Los resultados del estudio, realizado en Cracovia (Polonia) por el Centro Columbia de Salud Ambiental Infantil de Nueva York (CCCEH, Estados Unidos), confirman los datos de otro similar efectuado en la ciudad de Nueva York y aportan nuevos indicios de los efectos de los contaminantes del entorno urbano en la salud humana.
PARTÍCULAS “HAP”, UNA AMENAZA INVISIBLE.
Los expertos del CCCEH examinaron si los niños expuestos a niveles altos de hidrocarburos aromáticos policíclicos (HAP) presentaban una menor capacidad intelectual y de razonamiento.
Los HAP incluyen alrededor de 100 sustancias químicas que son liberadas al medio ambiente cuando se queman los combustibles fósiles usados para el transporte, la calefacción y la producción de energía, entre muchos otros usos.

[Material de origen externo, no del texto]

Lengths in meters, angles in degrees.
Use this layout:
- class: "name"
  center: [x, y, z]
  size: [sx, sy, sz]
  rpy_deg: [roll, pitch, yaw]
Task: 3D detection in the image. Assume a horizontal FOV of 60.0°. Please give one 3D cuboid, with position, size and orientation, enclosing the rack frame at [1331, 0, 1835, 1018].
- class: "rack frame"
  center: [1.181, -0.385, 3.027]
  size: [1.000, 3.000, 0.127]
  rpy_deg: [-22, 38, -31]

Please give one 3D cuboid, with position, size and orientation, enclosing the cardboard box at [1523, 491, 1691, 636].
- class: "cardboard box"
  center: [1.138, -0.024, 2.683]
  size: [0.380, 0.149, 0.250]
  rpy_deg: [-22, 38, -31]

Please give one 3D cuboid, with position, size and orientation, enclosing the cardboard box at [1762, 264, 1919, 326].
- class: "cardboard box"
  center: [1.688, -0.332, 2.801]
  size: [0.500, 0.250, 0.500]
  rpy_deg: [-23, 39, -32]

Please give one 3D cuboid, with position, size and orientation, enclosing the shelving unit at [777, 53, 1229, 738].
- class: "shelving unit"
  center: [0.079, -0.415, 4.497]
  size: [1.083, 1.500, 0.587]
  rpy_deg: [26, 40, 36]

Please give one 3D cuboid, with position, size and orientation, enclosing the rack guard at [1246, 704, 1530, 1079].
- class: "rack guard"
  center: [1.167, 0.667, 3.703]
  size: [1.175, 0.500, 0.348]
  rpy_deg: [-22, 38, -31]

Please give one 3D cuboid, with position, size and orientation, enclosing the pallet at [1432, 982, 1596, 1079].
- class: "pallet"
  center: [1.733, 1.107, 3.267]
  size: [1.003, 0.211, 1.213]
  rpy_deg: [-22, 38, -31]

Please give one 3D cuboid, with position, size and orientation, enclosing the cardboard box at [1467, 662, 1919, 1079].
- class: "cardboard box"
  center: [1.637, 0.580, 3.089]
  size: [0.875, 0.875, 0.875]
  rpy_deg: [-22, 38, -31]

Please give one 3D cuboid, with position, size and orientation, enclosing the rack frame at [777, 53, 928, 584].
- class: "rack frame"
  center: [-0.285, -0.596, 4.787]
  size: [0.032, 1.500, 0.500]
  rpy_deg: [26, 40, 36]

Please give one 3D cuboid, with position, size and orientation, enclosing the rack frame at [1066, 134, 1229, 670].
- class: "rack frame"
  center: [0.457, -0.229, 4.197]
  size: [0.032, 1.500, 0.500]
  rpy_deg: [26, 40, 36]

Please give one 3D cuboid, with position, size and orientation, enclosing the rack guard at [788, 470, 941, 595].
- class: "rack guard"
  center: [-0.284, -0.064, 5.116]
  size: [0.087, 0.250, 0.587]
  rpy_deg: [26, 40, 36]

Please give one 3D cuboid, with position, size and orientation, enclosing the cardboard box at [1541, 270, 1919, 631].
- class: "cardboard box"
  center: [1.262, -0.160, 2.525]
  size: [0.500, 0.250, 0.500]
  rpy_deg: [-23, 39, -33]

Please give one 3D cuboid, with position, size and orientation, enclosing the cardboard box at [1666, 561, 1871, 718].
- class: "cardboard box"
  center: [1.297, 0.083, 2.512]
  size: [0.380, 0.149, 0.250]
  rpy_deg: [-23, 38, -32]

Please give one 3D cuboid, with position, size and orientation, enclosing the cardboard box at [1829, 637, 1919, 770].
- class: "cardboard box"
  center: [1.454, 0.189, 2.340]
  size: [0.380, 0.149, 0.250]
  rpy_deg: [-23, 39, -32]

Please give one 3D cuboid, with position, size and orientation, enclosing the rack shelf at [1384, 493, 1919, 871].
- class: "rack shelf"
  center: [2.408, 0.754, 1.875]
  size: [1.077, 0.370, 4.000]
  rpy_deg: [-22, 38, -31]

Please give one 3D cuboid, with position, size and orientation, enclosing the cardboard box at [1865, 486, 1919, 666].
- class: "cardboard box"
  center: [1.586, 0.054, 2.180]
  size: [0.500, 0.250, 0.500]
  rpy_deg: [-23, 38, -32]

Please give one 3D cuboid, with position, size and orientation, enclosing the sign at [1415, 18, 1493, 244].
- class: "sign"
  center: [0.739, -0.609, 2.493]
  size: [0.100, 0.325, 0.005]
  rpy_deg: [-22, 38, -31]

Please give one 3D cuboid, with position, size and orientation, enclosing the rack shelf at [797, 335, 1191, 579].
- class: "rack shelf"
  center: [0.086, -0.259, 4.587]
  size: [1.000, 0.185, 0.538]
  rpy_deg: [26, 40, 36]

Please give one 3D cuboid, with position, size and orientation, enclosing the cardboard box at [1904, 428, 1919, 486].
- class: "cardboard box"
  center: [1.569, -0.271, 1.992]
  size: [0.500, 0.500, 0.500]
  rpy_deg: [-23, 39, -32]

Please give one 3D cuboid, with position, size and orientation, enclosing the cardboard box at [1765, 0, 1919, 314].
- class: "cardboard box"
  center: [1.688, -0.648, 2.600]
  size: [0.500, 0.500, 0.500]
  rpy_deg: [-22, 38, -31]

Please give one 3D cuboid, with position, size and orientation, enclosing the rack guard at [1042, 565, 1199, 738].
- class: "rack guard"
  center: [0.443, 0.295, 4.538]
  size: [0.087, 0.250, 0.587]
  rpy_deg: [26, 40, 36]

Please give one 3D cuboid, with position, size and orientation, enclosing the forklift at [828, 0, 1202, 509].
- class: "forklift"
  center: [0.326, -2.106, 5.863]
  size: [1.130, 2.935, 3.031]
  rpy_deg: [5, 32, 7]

En la investigación participaron 214 niños nacidos entre 2001 y 2006 en Cracovia, todos procedentes de madres sanas y no fumadoras, las cuales llevaron durante la gestación unos dispositivos en una mochila para medir la contaminación del aire. Además durante su embarazo se tomaron a las mujeres muestras de sangre y respondieron a varios cuestionarios.
Sus hijos fueron sometidos a un seguimiento hasta que cumplieron cinco años de edad, cuando se les hizo cumplimentar un Test de Matrices Progresivas de Raven (MPR) una prueba destinada a medir la capacidad intelectual.

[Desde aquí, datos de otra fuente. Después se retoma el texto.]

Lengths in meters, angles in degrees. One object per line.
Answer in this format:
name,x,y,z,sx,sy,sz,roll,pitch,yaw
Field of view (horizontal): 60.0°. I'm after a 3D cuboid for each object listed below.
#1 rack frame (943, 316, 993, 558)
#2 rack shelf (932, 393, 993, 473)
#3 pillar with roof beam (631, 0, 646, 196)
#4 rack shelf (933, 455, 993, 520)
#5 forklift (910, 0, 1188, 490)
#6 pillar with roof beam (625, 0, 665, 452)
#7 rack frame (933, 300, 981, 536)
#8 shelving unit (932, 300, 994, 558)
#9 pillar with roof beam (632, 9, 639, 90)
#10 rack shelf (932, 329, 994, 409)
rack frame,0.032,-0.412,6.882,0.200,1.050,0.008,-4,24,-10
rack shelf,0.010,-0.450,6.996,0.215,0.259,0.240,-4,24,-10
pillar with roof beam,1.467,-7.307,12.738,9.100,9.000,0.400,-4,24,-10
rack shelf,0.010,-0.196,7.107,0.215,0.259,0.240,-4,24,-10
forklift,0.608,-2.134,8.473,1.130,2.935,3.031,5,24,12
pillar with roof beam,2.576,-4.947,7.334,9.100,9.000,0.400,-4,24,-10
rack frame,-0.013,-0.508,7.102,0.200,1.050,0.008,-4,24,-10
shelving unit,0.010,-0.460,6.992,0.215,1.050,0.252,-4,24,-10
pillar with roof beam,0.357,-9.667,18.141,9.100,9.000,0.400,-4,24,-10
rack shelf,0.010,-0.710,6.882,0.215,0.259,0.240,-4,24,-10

Además se tuvieron en cuenta otros factores que podrían relacionarse con una capacidad cognitiva infantil reducida, como la concentración de plomo, la inhalación de humo de tabaco y el nivel de estudios de la progenitora.
Los investigadores CCCEH descubrieron que los niños expuestos a niveles elevados de HAP durante la gestación tuvieron un peor rendimiento en las pruebas MPR de capacidad intelectual y de razonamiento, comparados con aquellos cuyas madres apenas habían estado expuestas a estos compuestos contaminantes.
“El efecto sobre la inteligencia era comparable al de los niños de Nueva York expuestos en fase prenatal a los mismos contaminantes atmosféricos en un estudio anterior”, ha explicado la profesora Frederica Perera, directora del CCCEH de la Escuela Mailman de Salud Pública de la Universidad de Columbia (Estados Unidos) y coautora del estudio.
Para la investigadora “esto es preocupante pues el coeficiente intelectual es importante para predecir el rendimiento académico futuro y los HAP son abundantes en las urbes de todo el planeta”.